Martire was appointed to the board in late 2008 by former Virginia governor Timothy Kaine, a Democrat. The airports authority, which includes representatives from Virginia, Maryland, the District of Columbia and the federal government, oversees operations at Washington Dulles International and Ronald Reagan Washington National airports. It also manages the Dulles Toll Road and an ongoing project to extend Metrorail service to Dulles.
Martire, a regional labor union leader, claimed that McDonnell’s efforts to oust him were motivated by the governor’s anti-union sentiments. He had come under scrutiny at the time for his authority-related travel expenses.
Shortly before Martire filed suit, the authority hired Hunton. Sunderland said he had worked with the firm before and was happy with the quality of its work and what it charged. He said he preferred using a competitive process for legal services work, but that the Martire situation left the authority scrambling for counsel right away. It has been soliciting bids for legal services in the hopes of having firms readily on hand in the future, he added.
Including Raphael, six Hunton attorneys — two partners, two counsel and two associates — logged a little more than 639 hours on the case, according to invoices. Hourly rates, taking into account the 10 percent discount, ranged from $540 to $640 for partners, $510 to $515 for counsel, and $375 to $420 for associates. A third partner briefly entered the case, logging 45 minutes at a rate of $675 per hour.
Sunderland said that, although the authority was responsible for paying “reasonable” attorney fees, he wasn’t involved in Martire’s decision to hire Williams & Connolly. He said the two sides agreed they would let a third party go through the firm’s invoices and decide what the authority should pay. Martire’s lead counsel, Williams & Connolly partner Kevin Hodges, declined to comment.
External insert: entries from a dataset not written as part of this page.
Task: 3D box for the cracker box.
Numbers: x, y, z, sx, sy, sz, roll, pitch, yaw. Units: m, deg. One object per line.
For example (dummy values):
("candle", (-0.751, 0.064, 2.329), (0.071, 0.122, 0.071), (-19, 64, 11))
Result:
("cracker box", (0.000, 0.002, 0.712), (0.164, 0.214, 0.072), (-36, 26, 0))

DLA represented three subpoenaed board members: former Virginia congressman Thomas Davis III, DLA’s Washington managing partner Frank “Rusty” Conner III and Todd Stottlemyer, chief executive officer of Acentia, an information-technology company. The two DLA partners and three associates working on the case billed about 250 hours of work from late July until the case settled in September. Hourly rates, before a 10 percent discount at the end, ranged from $740 to $860 for partners and $590 to $725 for associates.
Troutman Sanders partner Bradfute Davenport Jr. served as lead counsel for Caren Merrick, the current board member McDonnell tapped to replace Martire. Davenport did not return requests for comment. Sunderland said Troutman agreed to certain fee reductions.
The terms of the settlement were confidential, but McDonnell did announce at the time that Martire agreed to resign as of October 17.